Any ideas? Thank you in advance :)
Hi @vallerap,
Sadly, this seems to be a bug in v2.9.0 of univocity parsers.
I tried locally to see if an upgrade to the latest v2.9.1 fixes your issue, and it does. However, I've never upgraded it in CARML because the upgrade causes another issue, which I raised over a year ago https://github.com/uniVocity/univocity-parsers/. Apparently univocity is not being actively maintained anymore so I'm afraid I will have to switch to another CSV library. I'll open an issue for that.
In the mean time, you could force the use of version 2.9.1 in your dependency management by adding it to your project:
<dependency>
<groupId>com.univocity</groupId>
<artifactId>univocity-parsers</artifactId>
<version>2.9.1</version>
</dependency>
Hopefully that doesn't cause any new issues like the one mentioned.
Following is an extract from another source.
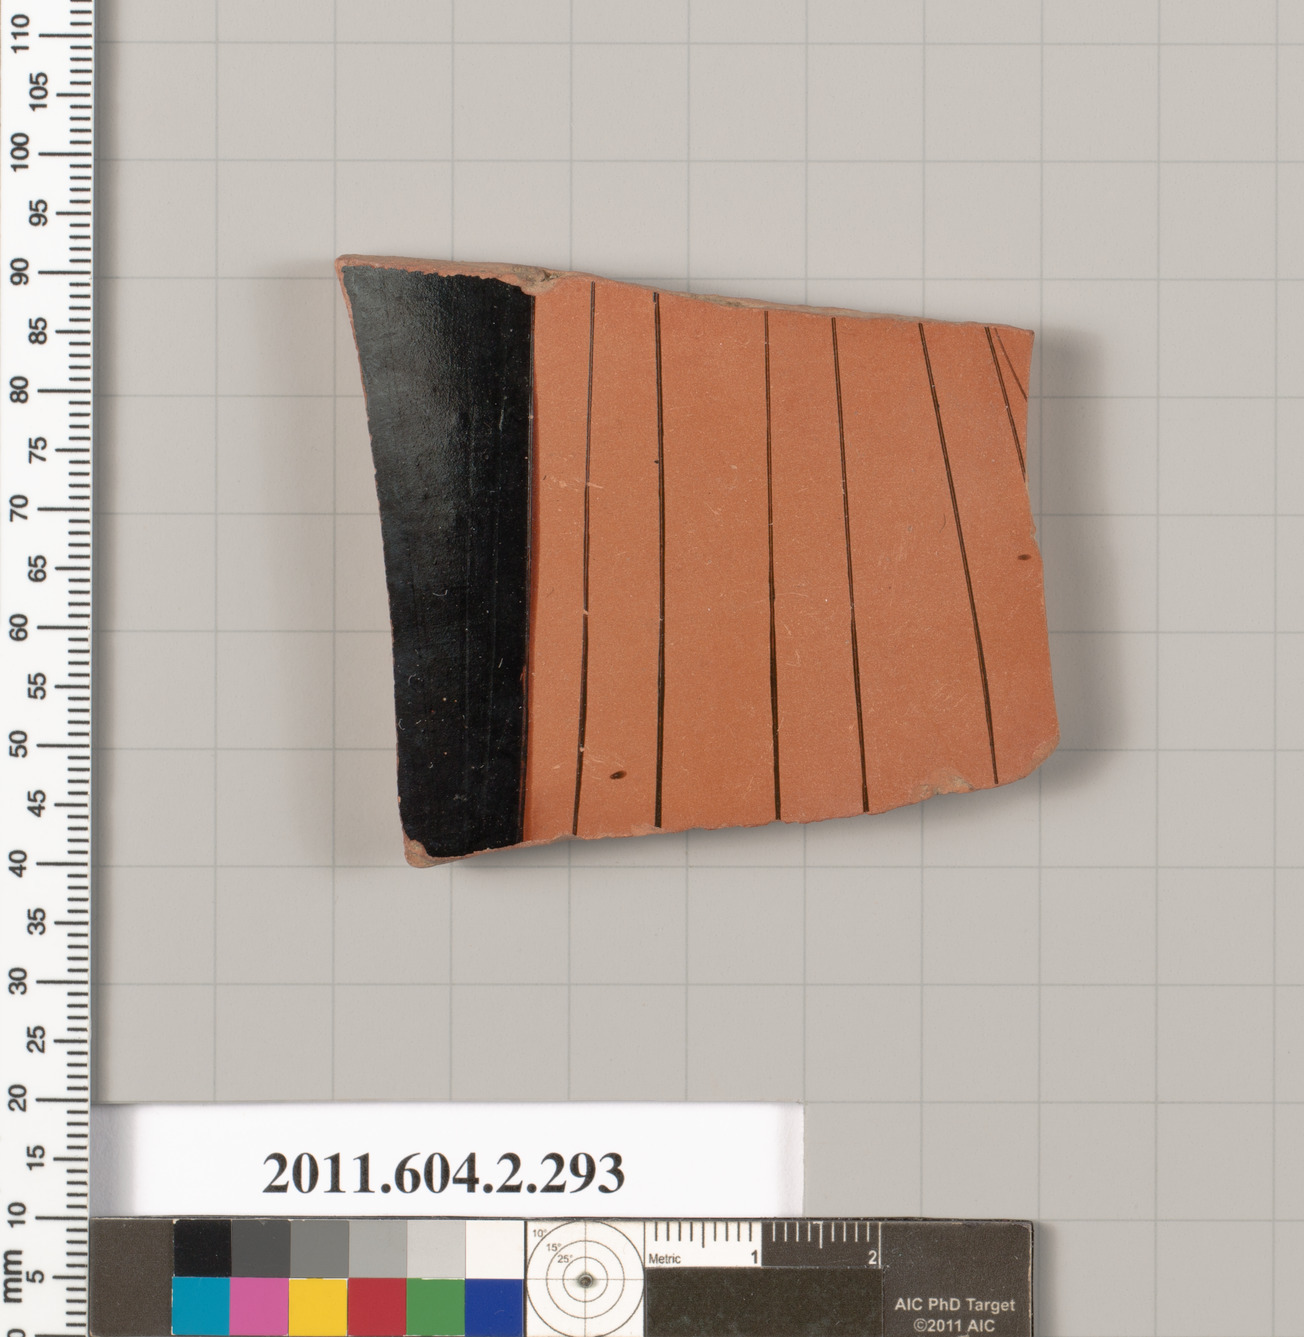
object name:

By the way, I would strongly advise to upgrade to the newest version of CARML (0.4.7). It has many improvements over the 0.3.2 version. Let me know if you have any questions about that.
Hi @pmaria , thanks for the quick response, the reason why we are considering to update only to 0.3.2 atm is because otherwise we would need to update the whole component to use rdf4j 4.X (still using 3.X), which is a bit of an effort.
What would be the top 2-3 improvements between 0.3.2 and 0.4.7 from your perspective?
Hey @tomas-knap, long time :)
Since 0.4.0 we've switched to a reactive streams approach (see https://github.com/carml/carml/releases for details). Improvements are mostly:
- speed
- resource usage
Thanks @pmaria, yes, that is right. Maybe we see each other again at Semantics this year! Anyway, all the best and thanks for the quick response again!